Casually disregarding four previous non-canonical franchise outings (Band Camp, The Naked Mile et al), American Pie: Reunion (2011) returns to the characters and relationships of the original American Pie story, for apparently one last slice of smut and nostalgic camaraderie. Directed by series newcomers Jon Hurwitz and Hayden Schlossberg, Reunion willingly slips into the tired grooves of its three predecessors by retooling the tried-and-tested teen movie formula around the thin premise of a high school reunion.

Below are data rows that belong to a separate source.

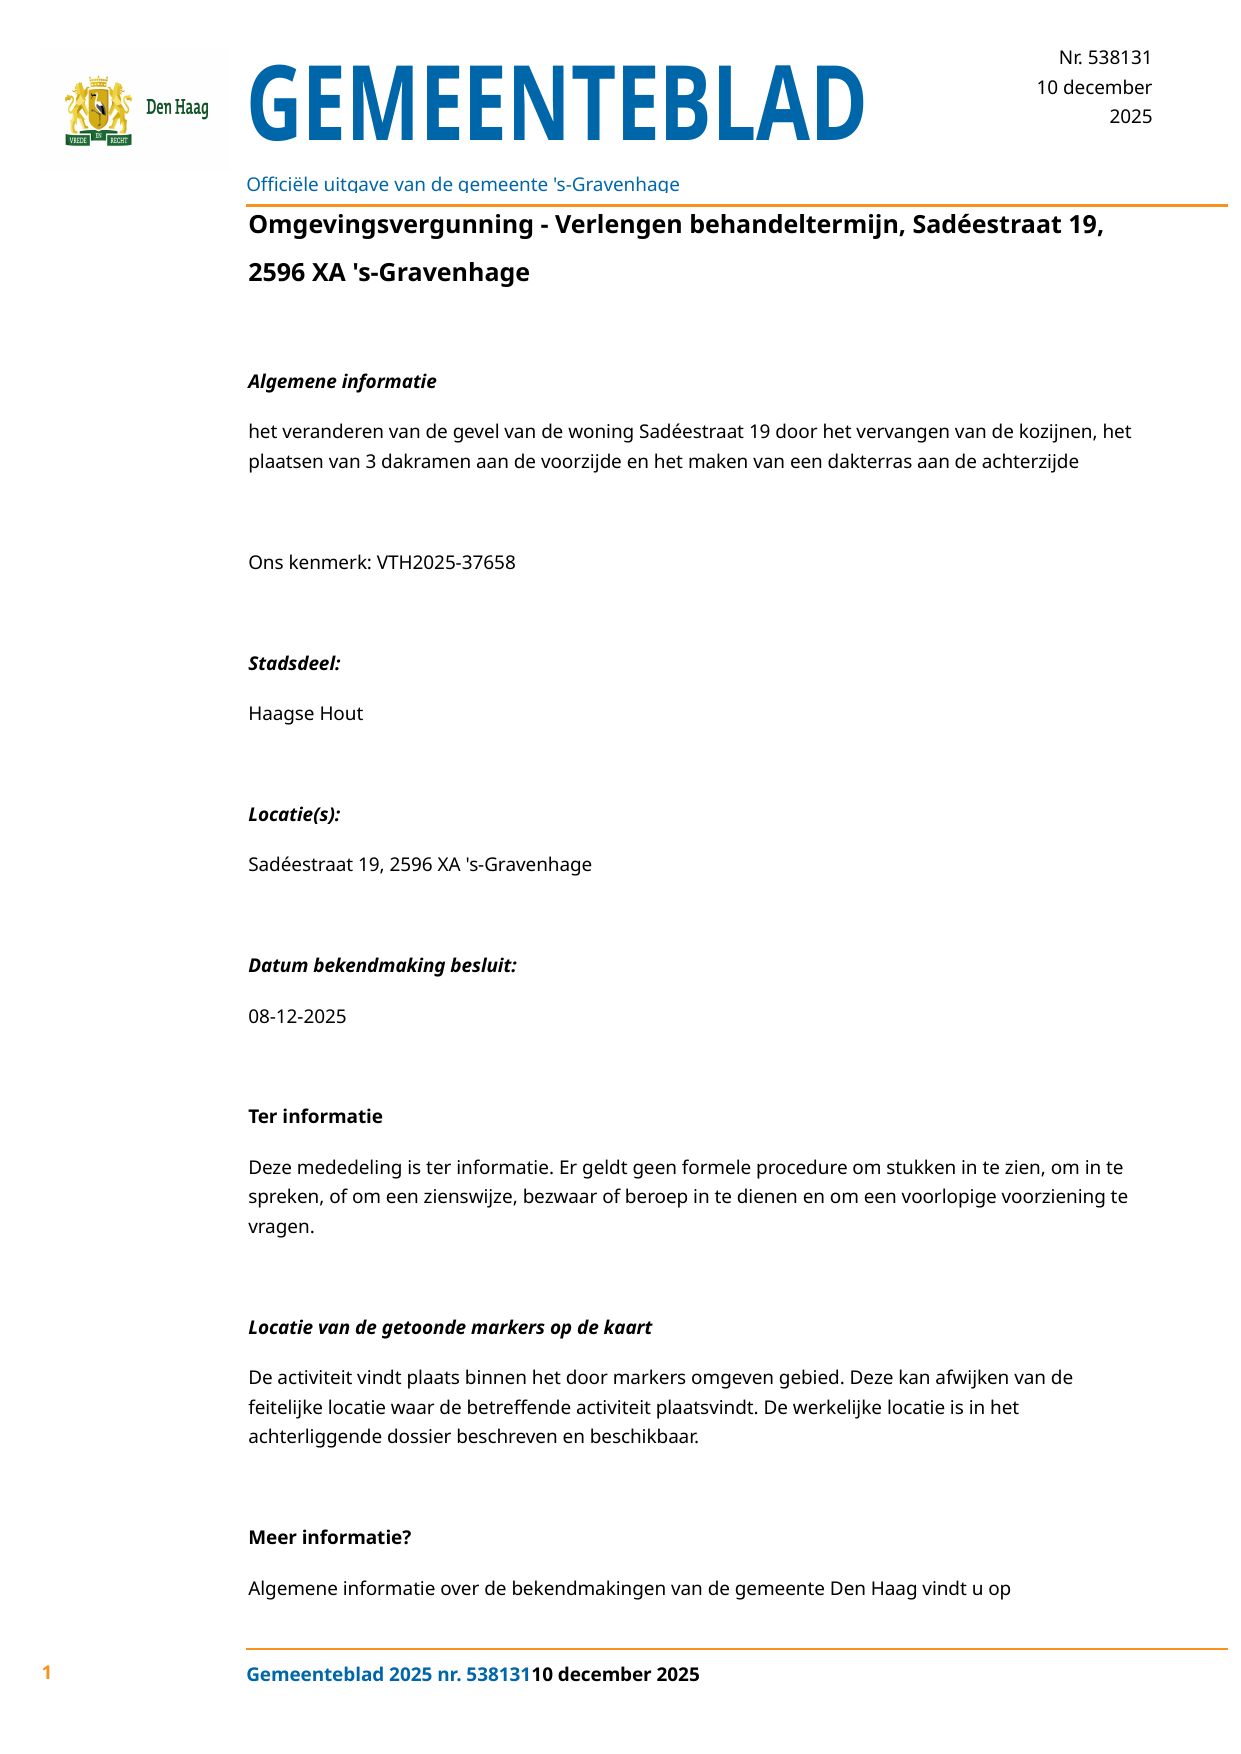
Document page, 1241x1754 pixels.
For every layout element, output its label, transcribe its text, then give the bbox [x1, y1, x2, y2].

text Stadsdeel: [248, 650, 1152, 676]
text Deze mededeling is ter informatie. Er geldt geen formele procedure om stukken in te zien, om in te spreken, of om een zienswijze, bezwaar of beroep in te dienen en om een voorlopige voorziening te vragen. [248, 1154, 1152, 1239]
picture [41, 47, 231, 172]
text Sadéestraat 19, 2596 XA 's-Gravenhage [248, 852, 1152, 877]
text Haagse Hout [248, 700, 1152, 726]
text De activiteit vindt plaats binnen het door markers omgeven gebied. Deze kan afwijken van de feitelijke locatie waar de betreffende activiteit plaatsvindt. De werkelijke locatie is in het achterliggende dossier beschreven en beschikbaar. [248, 1364, 1152, 1449]
text Locatie van de getoonde markers op de kaart [248, 1314, 1152, 1340]
text Algemene informatie over de bekendmakingen van de gemeente Den Haag vindt u op [248, 1575, 1152, 1601]
text Algemene informatie [248, 368, 1152, 394]
text Ter informatie [248, 1104, 1152, 1129]
text Datum bekendmaking besluit: [248, 952, 1152, 978]
text Locatie(s): [248, 801, 1152, 827]
text het veranderen van de gevel van de woning Sadéestraat 19 door het vervangen van de kozijnen, het plaatsen van 3 dakramen aan de voorzijde en het maken van een dakterras aan de achterzijde [248, 419, 1152, 474]
text Ons kenmerk: VTH2025-37658 [248, 549, 1152, 575]
text Omgevingsvergunning - Verlengen behandeltermijn, Sadéestraat 19, 2596 XA 's-Gravenhage [248, 207, 1152, 288]
text 08-12-2025 [248, 1003, 1152, 1029]
text Meer informatie? [248, 1524, 1152, 1550]
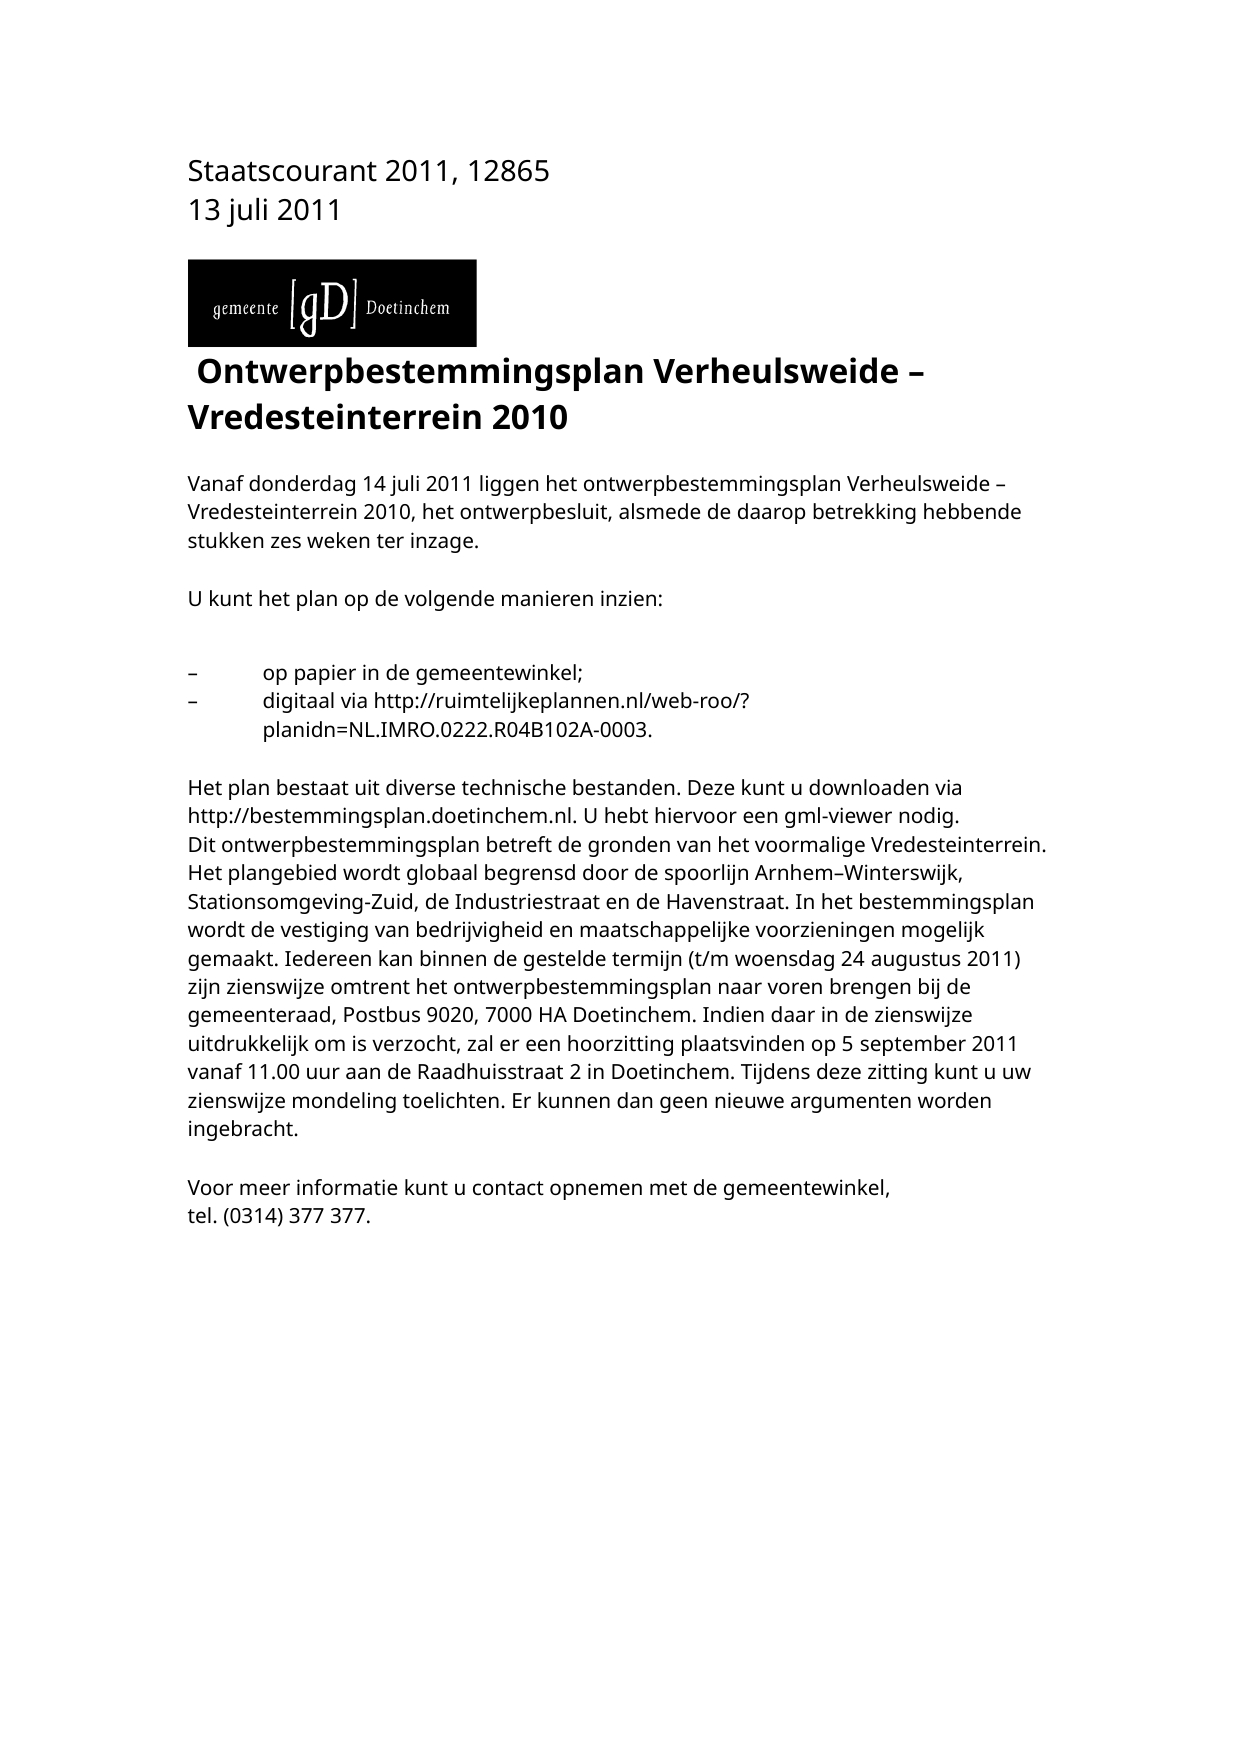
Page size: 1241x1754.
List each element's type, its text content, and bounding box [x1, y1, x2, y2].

text Dit ontwerpbestemmingsplan betreft de gronden van het voormalige Vredesteinterrein. Het plangebied wordt globaal begrensd door de spoorlijn Arnhem–Winterswijk, Stationsomgeving-Zuid, de Industriestraat en de Havenstraat. In het bestemmingsplan wordt de vestiging van bedrijvigheid en maatschappelijke voorzieningen mogelijk gemaakt. Iedereen kan binnen de gestelde termijn (t/m woensdag 24 augustus 2011) zijn zienswijze omtrent het ontwerpbestemmingsplan naar voren brengen bij de gemeenteraad, Postbus 9020, 7000 HA Doetinchem. Indien daar in de zienswijze uitdrukkelijk om is verzocht, zal er een hoorzitting plaatsvinden op 5 september 2011 vanaf 11.00 uur aan de Raadhuisstraat 2 in Doetinchem. Tijdens deze zitting kunt u uw zienswijze mondeling toelichten. Er kunnen dan geen nieuwe argumenten worden ingebracht. [187, 830, 1053, 1143]
list digitaal via http://ruimtelijkeplannen.nl/web-roo/?planidn=NL.IMRO.0222.R04B102A-0003. [187, 686, 1053, 743]
text Staatscourant 2011, 12865 [187, 150, 1053, 190]
subtitle Ontwerpbestemmingsplan Verheulsweide – Vredesteinterrein 2010 [187, 271, 1053, 439]
text Vanaf donderdag 14 juli 2011 liggen het ontwerpbestemmingsplan Verheulsweide – Vredesteinterrein 2010, het ontwerpbesluit, alsmede de daarop betrekking hebbende stukken zes weken ter inzage. [187, 469, 1053, 554]
text Het plan bestaat uit diverse technische bestanden. Deze kunt u downloaden via http://bestemmingsplan.doetinchem.nl. U hebt hiervoor een gml-viewer nodig. [187, 773, 1053, 830]
picture [187, 258, 477, 348]
list op papier in de gemeentewinkel; [187, 658, 1053, 686]
text U kunt het plan op de volgende manieren inzien: [187, 584, 1053, 613]
text Voor meer informatie kunt u contact opnemen met de gemeentewinkel, tel. (0314) 377 377. [187, 1173, 1053, 1230]
text 13 juli 2011 [187, 190, 1053, 229]

With a child on the way and experiencing something of a sexual rut in his marriage to Michelle (Alyson Hannigan), perennially awkward Jim (Jason Biggs) returns home to find that his legacy as a pie-humping, viral video-starring adolescent remains intact. Teaming back up with old friends Kevin (Thomas Ian Nichols), Oz (Chris Klein) and Finch (Eddie Kaye Thomas), the gang initially enjoy their weekend away from maturity and relationship obligations. However, when enfant terrible Stifler (Seann William Scott) rears his maniacal head once again, the gang’s penchant for sticky situations and lewd mishaps returns.
The explicit pupil in 1999’s school of softcore (and superior) teen movies (Election, 10 Things I Hate About You), the original American Pie was as much a throwback to the teenage foibles of the Porky’s series as it was an epochal depiction of American high school culture. Reunion, in its clear attempt at emulating the crude but eventually sweet nature of the preceding instalments, inherently suffers because of its standing amongst a sub-genre populated by derivative films that have built upon the inaugural American Pie’s success.
Though there may be some melancholy for fans of the original series – stuck with the balding and altogether rounder central cast members along with a number of fleeting cameos (Shannon Elizabeth’s Nadia, Natasha Lyonne’s confirmed lesbian Jessica), Reunion rarely shakes an inherent sense of desperation. Is this really just a final bid to reignite the waning careers of several washed-up actors, whose 13-year-old potential has barely been fulfilled?
With this disenfranchised subtext left regrettably untapped, what Hurwitz and Schlossberg’s Reunion script does make ample room for is dated toilet humour and a mindless treatment of women as either prudish caregivers or disposable fellators. All these elements appear entirely lost in a useless rehash that – for the mots part – just feels plainly embarrassing.